Police arriving on the scene observed bullet holes in the victim's pillows, head board, and bedroom wall. There were corresponding bullet holes through the victim's bedroom window, which indicated that the bullets fired at the victim had been shot from outside that window, angled downward toward the bed. Outside the same window, police found five spent 9mm shell casings. Police also found smudges on the glass of the window about two feet above the bullet holes, consistent with a human face having been pressed against its surface. Police further determined that a person could see through the victim's bedroom blinds by pressing his or her face against the glass in this manner.
Investigating officers interviewed the surviving family members and, upon learning of the [Petitioner]'s prior relationship with the victim, brought him in for questioning. The [Petitioner] claimed to have been at his job at an apartment complex working as a security guard at the time of the shooting and was released. However, the next morning, officers received a phone call from the [Petitioner]'s mother, claiming that the [Petitioner] had told her that he was responsible for the victim's death. Officers arrested the [Petitioner] and brought him in for further questioning.

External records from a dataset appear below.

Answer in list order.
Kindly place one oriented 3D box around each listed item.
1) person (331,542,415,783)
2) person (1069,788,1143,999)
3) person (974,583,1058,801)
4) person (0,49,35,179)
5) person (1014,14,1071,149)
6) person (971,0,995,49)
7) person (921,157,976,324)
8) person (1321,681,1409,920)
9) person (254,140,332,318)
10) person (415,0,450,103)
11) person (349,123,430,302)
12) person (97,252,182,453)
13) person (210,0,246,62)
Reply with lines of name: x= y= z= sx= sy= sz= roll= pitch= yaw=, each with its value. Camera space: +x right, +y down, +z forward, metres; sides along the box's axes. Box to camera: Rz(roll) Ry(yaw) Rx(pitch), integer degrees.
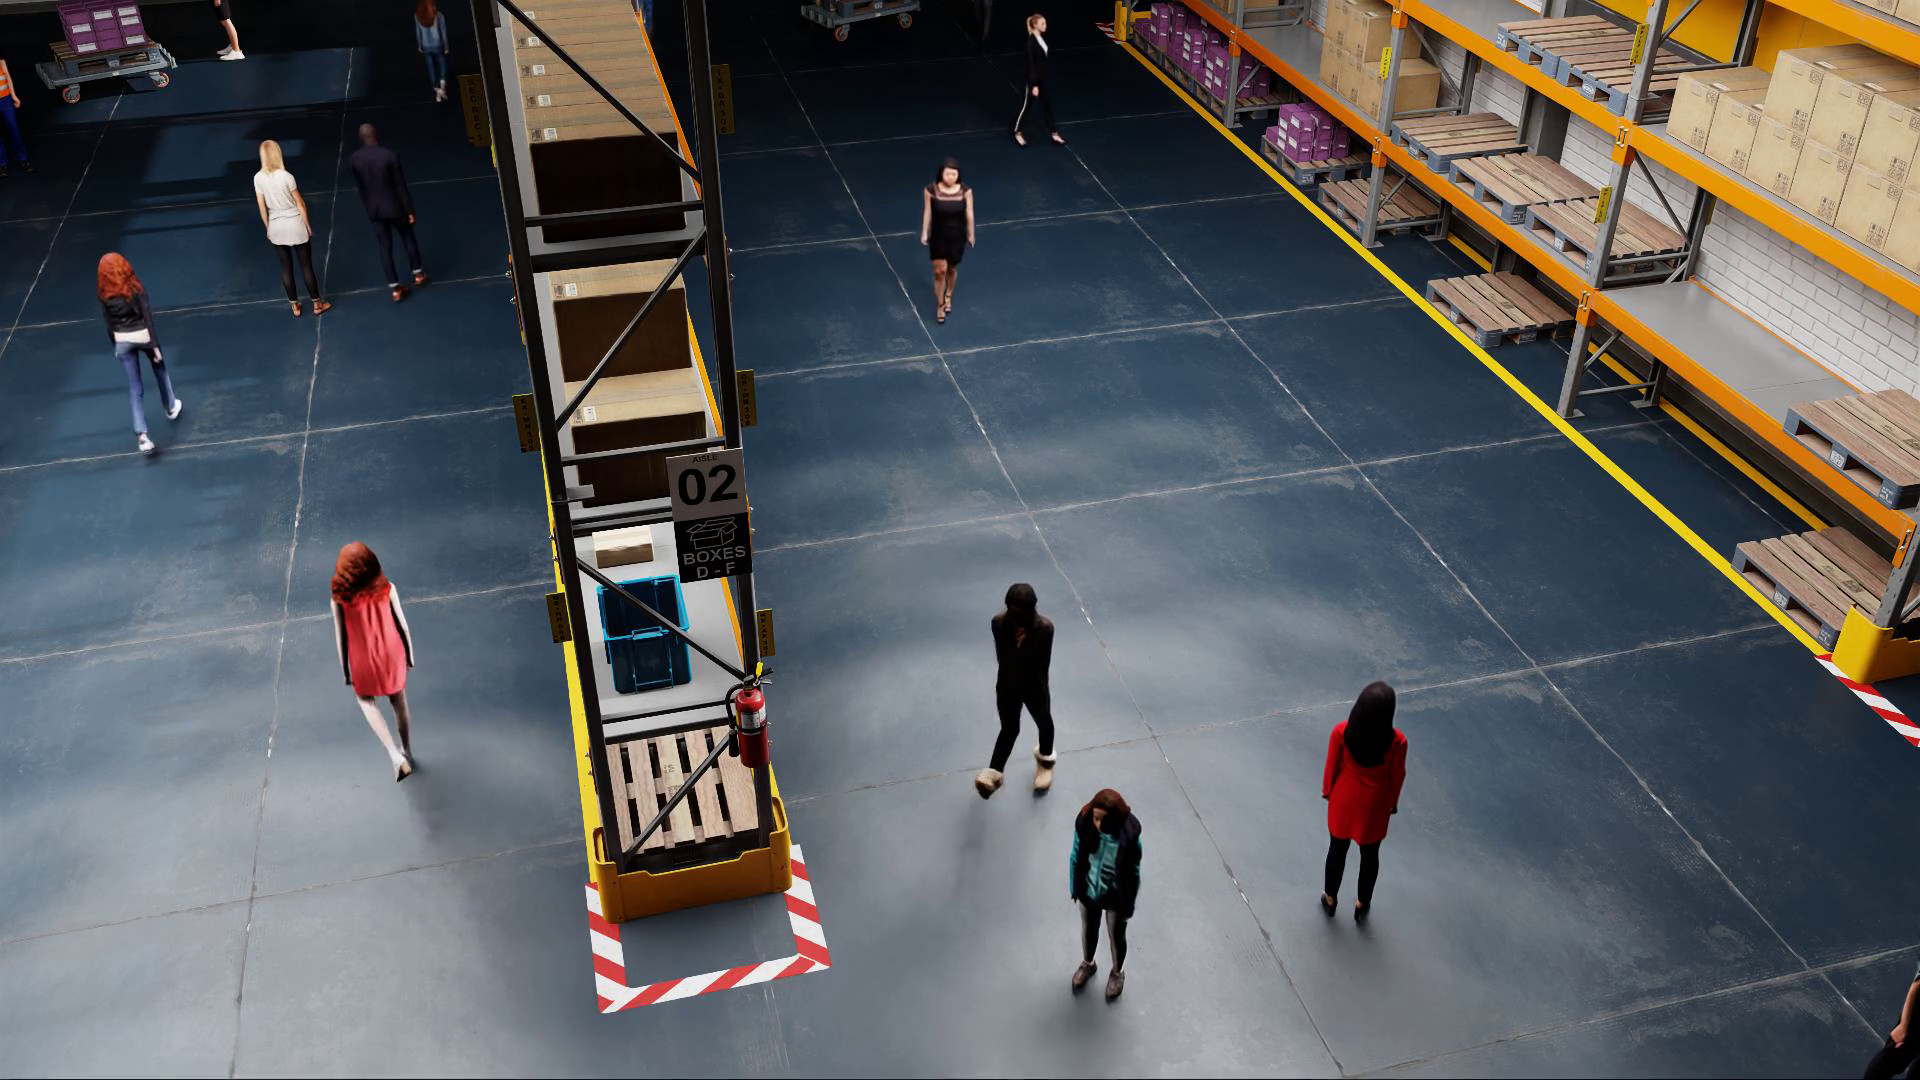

This time, the [Petitioner] asked to speak to one particular officer–a former childhood friend– alone. He told this officer that his brother had killed the victim. However, when the police brought the [Petitioner]'s brother in for questioning, the brother denied any participation in the crime and gave police an alibi that was supported by two witnesses. When officers put the [Petitioner] and his brother together, the [Petitioner] again accused his brother of killing the victim. However, a short time afterward, the [Petitioner] admitted that he was in fact the one responsible for her death.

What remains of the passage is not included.